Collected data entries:
• • • •
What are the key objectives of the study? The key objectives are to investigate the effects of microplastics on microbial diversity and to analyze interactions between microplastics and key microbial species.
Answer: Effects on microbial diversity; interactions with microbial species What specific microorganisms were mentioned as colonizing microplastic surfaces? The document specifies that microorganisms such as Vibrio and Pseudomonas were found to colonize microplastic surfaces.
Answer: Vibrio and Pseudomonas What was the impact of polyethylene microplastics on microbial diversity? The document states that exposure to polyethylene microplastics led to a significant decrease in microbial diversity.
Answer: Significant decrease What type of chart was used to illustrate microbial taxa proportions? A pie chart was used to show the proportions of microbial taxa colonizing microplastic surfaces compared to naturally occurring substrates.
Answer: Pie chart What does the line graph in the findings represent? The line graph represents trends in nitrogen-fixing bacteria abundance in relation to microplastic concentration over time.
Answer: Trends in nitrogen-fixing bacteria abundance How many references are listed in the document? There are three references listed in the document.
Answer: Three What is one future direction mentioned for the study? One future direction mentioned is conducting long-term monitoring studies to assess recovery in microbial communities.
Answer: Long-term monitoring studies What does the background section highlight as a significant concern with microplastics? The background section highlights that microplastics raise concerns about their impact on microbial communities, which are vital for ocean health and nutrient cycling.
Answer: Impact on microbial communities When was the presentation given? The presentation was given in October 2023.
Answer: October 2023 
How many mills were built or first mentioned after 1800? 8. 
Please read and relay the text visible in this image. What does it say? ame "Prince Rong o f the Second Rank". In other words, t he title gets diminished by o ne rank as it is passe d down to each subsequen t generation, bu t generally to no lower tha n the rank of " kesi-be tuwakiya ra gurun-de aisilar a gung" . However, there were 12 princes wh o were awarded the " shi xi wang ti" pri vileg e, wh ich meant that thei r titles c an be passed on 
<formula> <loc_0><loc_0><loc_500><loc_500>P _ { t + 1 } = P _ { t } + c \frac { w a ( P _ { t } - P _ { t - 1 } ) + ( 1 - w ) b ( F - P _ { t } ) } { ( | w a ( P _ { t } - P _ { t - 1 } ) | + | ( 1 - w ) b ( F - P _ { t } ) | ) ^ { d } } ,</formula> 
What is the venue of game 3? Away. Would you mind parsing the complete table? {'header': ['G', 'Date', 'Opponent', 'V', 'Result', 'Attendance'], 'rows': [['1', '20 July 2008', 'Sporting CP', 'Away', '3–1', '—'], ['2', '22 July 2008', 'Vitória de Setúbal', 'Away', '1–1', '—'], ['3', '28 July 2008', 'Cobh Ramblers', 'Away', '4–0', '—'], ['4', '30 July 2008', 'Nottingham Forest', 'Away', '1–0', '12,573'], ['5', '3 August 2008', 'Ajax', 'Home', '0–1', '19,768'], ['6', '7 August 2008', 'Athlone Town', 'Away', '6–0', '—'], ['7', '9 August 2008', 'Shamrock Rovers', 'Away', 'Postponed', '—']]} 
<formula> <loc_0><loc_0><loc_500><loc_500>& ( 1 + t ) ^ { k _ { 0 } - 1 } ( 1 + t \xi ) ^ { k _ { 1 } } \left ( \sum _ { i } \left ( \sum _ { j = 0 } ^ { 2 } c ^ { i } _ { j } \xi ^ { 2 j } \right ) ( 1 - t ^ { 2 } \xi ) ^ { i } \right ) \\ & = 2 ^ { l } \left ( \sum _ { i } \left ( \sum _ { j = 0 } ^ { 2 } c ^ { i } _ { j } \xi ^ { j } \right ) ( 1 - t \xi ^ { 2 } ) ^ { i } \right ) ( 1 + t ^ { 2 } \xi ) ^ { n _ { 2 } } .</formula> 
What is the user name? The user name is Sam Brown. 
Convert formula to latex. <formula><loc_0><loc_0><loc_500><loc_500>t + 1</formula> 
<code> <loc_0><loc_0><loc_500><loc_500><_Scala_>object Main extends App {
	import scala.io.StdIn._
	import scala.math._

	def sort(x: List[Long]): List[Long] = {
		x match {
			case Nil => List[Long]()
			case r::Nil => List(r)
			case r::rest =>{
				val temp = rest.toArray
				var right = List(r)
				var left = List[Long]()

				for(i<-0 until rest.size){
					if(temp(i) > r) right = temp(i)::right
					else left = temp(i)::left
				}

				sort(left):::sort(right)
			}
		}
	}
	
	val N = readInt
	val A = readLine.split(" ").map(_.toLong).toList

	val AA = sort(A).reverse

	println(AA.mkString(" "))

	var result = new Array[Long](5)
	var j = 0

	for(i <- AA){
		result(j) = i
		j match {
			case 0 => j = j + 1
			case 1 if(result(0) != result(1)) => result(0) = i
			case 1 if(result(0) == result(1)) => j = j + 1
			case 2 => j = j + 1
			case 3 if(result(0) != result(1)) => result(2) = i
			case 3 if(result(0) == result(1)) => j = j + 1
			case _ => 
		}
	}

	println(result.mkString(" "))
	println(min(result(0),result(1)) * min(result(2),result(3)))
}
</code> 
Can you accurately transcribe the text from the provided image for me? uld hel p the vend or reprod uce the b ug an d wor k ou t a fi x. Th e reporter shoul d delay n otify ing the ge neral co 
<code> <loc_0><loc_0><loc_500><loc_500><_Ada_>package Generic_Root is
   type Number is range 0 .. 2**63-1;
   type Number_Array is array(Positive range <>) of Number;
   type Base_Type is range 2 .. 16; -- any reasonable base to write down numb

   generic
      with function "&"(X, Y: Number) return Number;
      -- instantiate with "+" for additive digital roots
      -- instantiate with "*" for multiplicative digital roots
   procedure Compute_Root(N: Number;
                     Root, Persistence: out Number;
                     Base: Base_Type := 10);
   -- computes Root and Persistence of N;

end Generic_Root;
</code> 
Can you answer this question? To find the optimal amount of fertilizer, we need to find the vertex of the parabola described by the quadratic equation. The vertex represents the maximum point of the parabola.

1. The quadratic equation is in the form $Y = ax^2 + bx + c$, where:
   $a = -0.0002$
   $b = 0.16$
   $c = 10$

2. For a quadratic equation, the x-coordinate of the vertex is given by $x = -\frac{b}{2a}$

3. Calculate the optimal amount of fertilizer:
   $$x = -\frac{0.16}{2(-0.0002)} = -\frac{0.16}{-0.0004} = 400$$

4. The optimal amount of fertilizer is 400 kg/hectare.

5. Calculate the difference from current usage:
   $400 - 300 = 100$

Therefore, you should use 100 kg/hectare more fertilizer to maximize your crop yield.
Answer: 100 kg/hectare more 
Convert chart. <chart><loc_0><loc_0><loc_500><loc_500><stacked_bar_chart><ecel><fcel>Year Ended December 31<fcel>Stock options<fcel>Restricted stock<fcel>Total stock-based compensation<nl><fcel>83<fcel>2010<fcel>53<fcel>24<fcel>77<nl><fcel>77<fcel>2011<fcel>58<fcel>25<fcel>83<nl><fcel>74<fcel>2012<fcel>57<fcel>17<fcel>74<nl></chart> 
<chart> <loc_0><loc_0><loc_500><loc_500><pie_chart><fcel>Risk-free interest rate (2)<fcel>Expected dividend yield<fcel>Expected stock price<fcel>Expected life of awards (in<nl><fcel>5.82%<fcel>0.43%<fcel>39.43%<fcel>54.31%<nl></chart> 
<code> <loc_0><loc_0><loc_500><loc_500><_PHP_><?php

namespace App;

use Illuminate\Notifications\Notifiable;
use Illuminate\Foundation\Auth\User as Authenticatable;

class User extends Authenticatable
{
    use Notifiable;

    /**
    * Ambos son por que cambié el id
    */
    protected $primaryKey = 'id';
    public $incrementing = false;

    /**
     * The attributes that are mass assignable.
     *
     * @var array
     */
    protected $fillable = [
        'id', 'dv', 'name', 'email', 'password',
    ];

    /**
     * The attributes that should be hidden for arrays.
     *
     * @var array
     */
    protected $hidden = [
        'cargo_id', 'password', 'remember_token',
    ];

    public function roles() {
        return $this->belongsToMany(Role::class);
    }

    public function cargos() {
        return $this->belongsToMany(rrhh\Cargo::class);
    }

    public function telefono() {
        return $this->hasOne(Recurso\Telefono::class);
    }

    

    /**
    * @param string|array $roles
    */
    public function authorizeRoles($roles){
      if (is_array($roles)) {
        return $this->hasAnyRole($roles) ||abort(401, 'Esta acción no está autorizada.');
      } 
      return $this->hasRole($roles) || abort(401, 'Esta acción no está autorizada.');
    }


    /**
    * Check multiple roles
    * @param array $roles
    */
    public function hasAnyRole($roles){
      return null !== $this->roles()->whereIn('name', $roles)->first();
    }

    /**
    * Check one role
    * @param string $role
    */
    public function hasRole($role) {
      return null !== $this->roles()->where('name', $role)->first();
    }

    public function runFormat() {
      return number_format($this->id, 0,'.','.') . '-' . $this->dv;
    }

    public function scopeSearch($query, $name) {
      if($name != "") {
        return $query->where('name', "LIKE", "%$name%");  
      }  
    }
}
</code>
• • • •
**Exercise aim:**
Exactly repeat the lines above, from the opening line through the one with "Answer: Effects on", and include nothing else.

**Response area:**
What are the key objectives of the study? The key objectives are to investigate the effects of microplastics on microbial diversity and to analyze interactions between microplastics and key microbial species.
Answer: Effects on microbial diversity; interactions with microbial species What specific microorganisms were mentioned as colonizing microplastic surfaces? The document specifies that microorganisms such as Vibrio and Pseudomonas were found to colonize microplastic surfaces.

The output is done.